A greater challenge to Kundera’s legacy than the inevitable loss of modishness may be the charge most extensively levelled by Joan Smith in the ‘Czech mates’ chapter of her book Misogynies (1989). Even Jonathan Coe, having defended him against Smith’s claims, ended his 2015 essay ‘How Important Is Milan Kundera Today?’ with a reference to ‘the problematic sexual politics which send ripples of disquiet through even his finest books’. But this seems not to be the dominant position today. Gina Frangello, writing in the LARB in 2020, acknowledged Kundera’s misogyny only in the course of celebrating his work as a ‘definitive craft book’ on the uses of authorial omniscience. As recently as May – 37 years after the Madonna name-check – the English-Albanian pop star Dua Lipa praised The Unbearable Lightness of Being for its portrayal of sexual relationships.
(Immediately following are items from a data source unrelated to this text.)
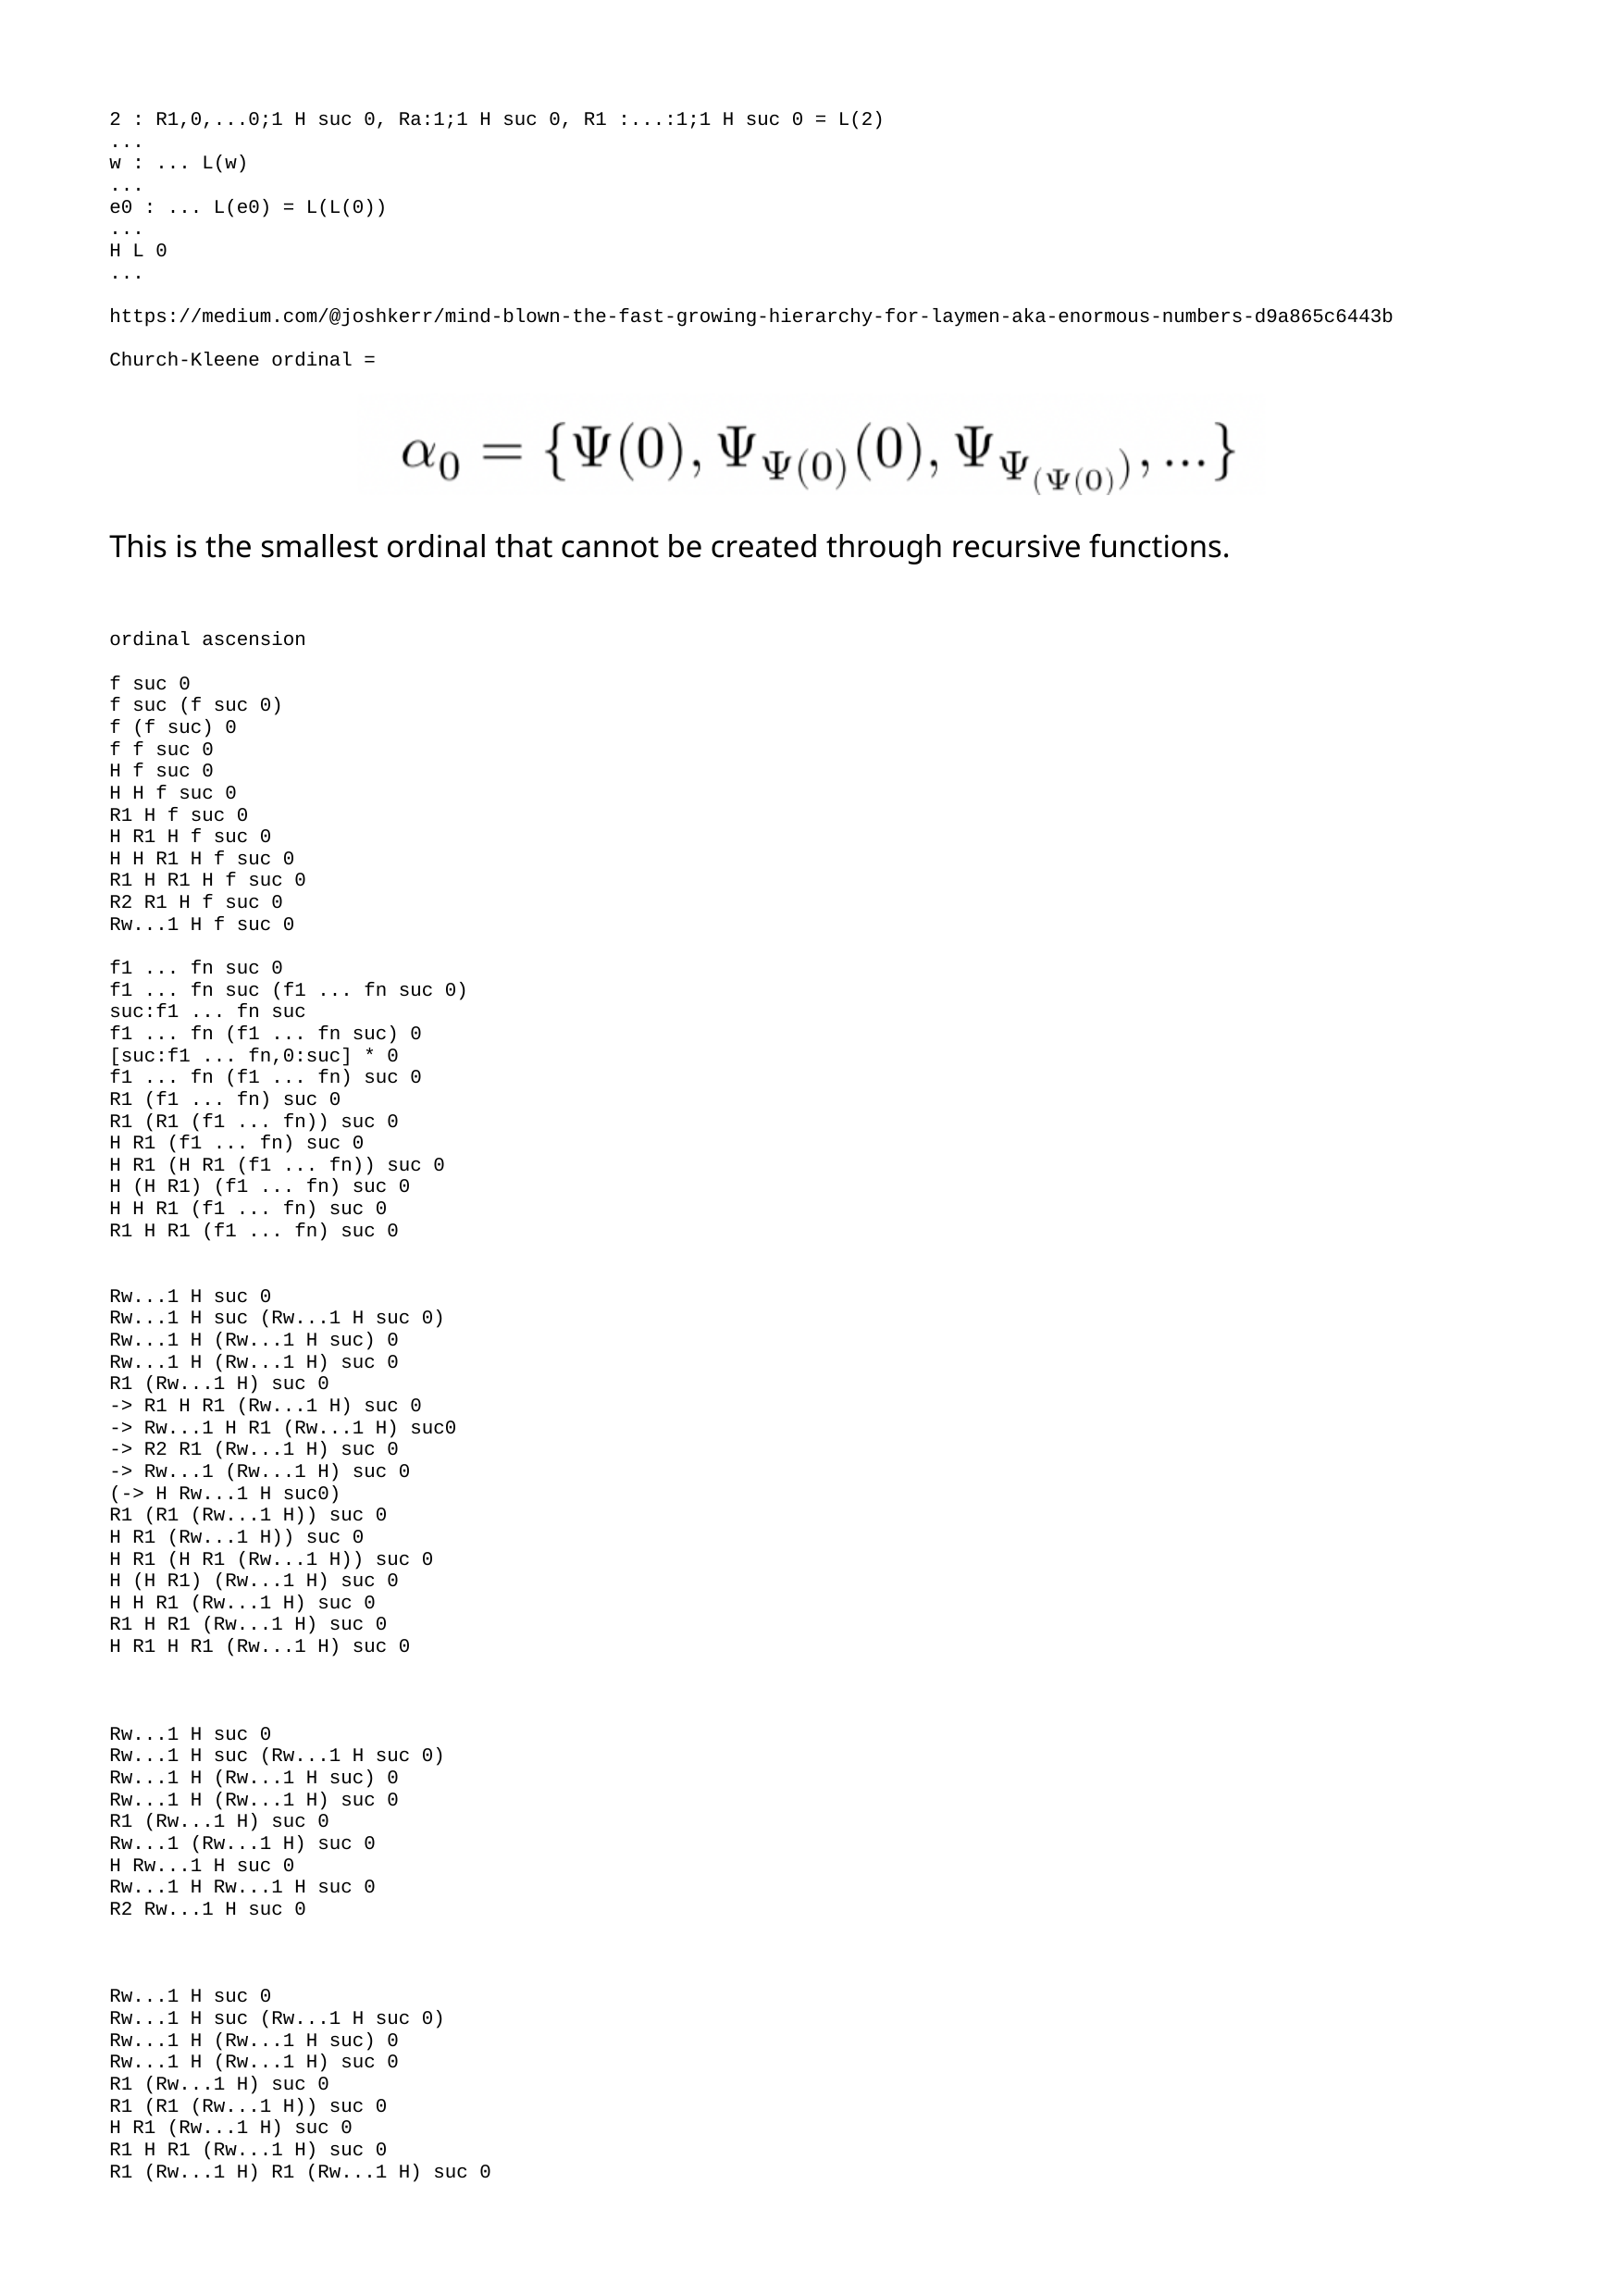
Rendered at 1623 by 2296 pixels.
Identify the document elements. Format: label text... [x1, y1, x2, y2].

text H R1 H R1 (Rw...1 H) suc 0 [109, 1636, 1514, 1658]
text R1 (R1 (Rw...1 H)) suc 0 [109, 1505, 1514, 1527]
text R1 (f1 ... fn) suc 0 [109, 1089, 1514, 1111]
text R1 H R1 H f suc 0 [109, 871, 1514, 892]
text Rw...1 H suc (Rw...1 H suc 0) [109, 1745, 1514, 1768]
text Rw...1 H (Rw...1 H suc) 0 [109, 1330, 1514, 1352]
text H f suc 0 [109, 761, 1514, 783]
text f f suc 0 [109, 739, 1514, 761]
text R1 (R1 (f1 ... fn)) suc 0 [109, 1111, 1514, 1133]
text w : ... L(w) [109, 153, 1514, 175]
text H (H R1) (Rw...1 H) suc 0 [109, 1570, 1514, 1593]
text H H R1 (f1 ... fn) suc 0 [109, 1198, 1514, 1221]
text R2 Rw...1 H suc 0 [109, 1899, 1514, 1921]
text Rw...1 H (Rw...1 H suc) 0 [109, 2030, 1514, 2052]
text Rw...1 H suc 0 [109, 1724, 1514, 1745]
text H R1 (H R1 (Rw...1 H)) suc 0 [109, 1548, 1514, 1570]
text R1 (Rw...1 H) suc 0 [109, 2074, 1514, 2096]
text f1 ... fn suc 0 [109, 958, 1514, 980]
text https://medium.com/@joshkerr/mind-blown-the-fast-growing-hierarchy-for-laymen-aka-enormous-numbers-d9a865c6443b [109, 306, 1514, 328]
text [suc:f1 ... fn,0:suc] * 0 [109, 1046, 1514, 1067]
text e0 : ... L(e0) = L(L(0)) [109, 197, 1514, 218]
text Church-Kleene ordinal = [109, 350, 1514, 372]
text ... [109, 263, 1514, 284]
text f1 ... fn (f1 ... fn suc) 0 [109, 1024, 1514, 1046]
text Rw...1 H f suc 0 [109, 914, 1514, 936]
text R1 H R1 (Rw...1 H) suc 0 [109, 2140, 1514, 2162]
text f suc 0 [109, 674, 1514, 695]
text Rw...1 H (Rw...1 H) suc 0 [109, 1352, 1514, 1373]
text Rw...1 H suc 0 [109, 1986, 1514, 2008]
text (-> H Rw...1 H suc0) [109, 1483, 1514, 1505]
text f1 ... fn (f1 ... fn) suc 0 [109, 1067, 1514, 1089]
text Rw...1 H suc (Rw...1 H suc 0) [109, 2008, 1514, 2030]
text H R1 (H R1 (f1 ... fn)) suc 0 [109, 1155, 1514, 1177]
text H L 0 [109, 241, 1514, 263]
text ordinal ascension [109, 629, 1514, 652]
text suc:f1 ... fn suc [109, 1001, 1514, 1024]
text R2 R1 H f suc 0 [109, 892, 1514, 914]
text H R1 (Rw...1 H) suc 0 [109, 2117, 1514, 2140]
text ... [109, 131, 1514, 153]
text Rw...1 (Rw...1 H) suc 0 [109, 1833, 1514, 1855]
text H H R1 H f suc 0 [109, 849, 1514, 871]
text f suc (f suc 0) [109, 695, 1514, 717]
text Rw...1 H suc 0 [109, 1286, 1514, 1308]
text R1 (Rw...1 H) R1 (Rw...1 H) suc 0 [109, 2162, 1514, 2183]
text R1 (Rw...1 H) suc 0 [109, 1811, 1514, 1833]
text ... [109, 218, 1514, 241]
text 2 : R1,0,...0;1 H suc 0, Ra:1;1 H suc 0, R1 :...:1;1 H suc 0 = L(2) [109, 109, 1514, 131]
picture [357, 393, 1266, 495]
text R1 H f suc 0 [109, 804, 1514, 826]
text H Rw...1 H suc 0 [109, 1855, 1514, 1877]
text H R1 (Rw...1 H)) suc 0 [109, 1527, 1514, 1548]
text H H R1 (Rw...1 H) suc 0 [109, 1593, 1514, 1614]
text -> R2 R1 (Rw...1 H) suc 0 [109, 1439, 1514, 1461]
text -> R1 H R1 (Rw...1 H) suc 0 [109, 1396, 1514, 1418]
text Rw...1 H suc (Rw...1 H suc 0) [109, 1308, 1514, 1330]
text R1 (R1 (Rw...1 H)) suc 0 [109, 2096, 1514, 2117]
text H (H R1) (f1 ... fn) suc 0 [109, 1177, 1514, 1198]
text This is the smallest ordinal that cannot be created through recursive functions. [109, 525, 1514, 566]
text R1 H R1 (Rw...1 H) suc 0 [109, 1614, 1514, 1636]
text H R1 H f suc 0 [109, 826, 1514, 849]
text R1 (Rw...1 H) suc 0 [109, 1373, 1514, 1396]
text ... [109, 175, 1514, 197]
text Rw...1 H (Rw...1 H) suc 0 [109, 1790, 1514, 1811]
text f (f suc) 0 [109, 717, 1514, 739]
text Rw...1 H (Rw...1 H suc) 0 [109, 1768, 1514, 1790]
text -> Rw...1 H R1 (Rw...1 H) suc0 [109, 1418, 1514, 1439]
text Rw...1 H (Rw...1 H) suc 0 [109, 2052, 1514, 2074]
text Rw...1 H Rw...1 H suc 0 [109, 1877, 1514, 1899]
text H R1 (f1 ... fn) suc 0 [109, 1133, 1514, 1155]
text -> Rw...1 (Rw...1 H) suc 0 [109, 1461, 1514, 1483]
text R1 H R1 (f1 ... fn) suc 0 [109, 1221, 1514, 1242]
text f1 ... fn suc (f1 ... fn suc 0) [109, 980, 1514, 1001]
text H H f suc 0 [109, 783, 1514, 804]

It is easy to imagine Kundera’s novel enjoying an essentially charmed afterlife as well, proving sufficiently resilient or multivalent to withstand polemical blows, becoming a beneficiary as well a victim of the loss of its original context in Cold War jockeying and Anglo-American fetishism of Slavic sexual freedoms. John Banville expressed his astonishment, on returning to the book in the new millennium, at how little ‘a work so firmly rooted in its time’ had seemed to age. But then distance is often a boon to the longer-term reputation of writers apparently defined by a series of spot-lit moments, offering readers a reprieve from churlish sermonizing, misplaced stridency, or the spectacle of artistic decline, and bringing a sense of proportion and perspective, even a kind of serenity, a freedom from the fray, that provides more fertile ground for appreciation. As Tomas reflects, following a break-up with Tereza, ‘Now what was tiring had disappeared and only the beauty remained’.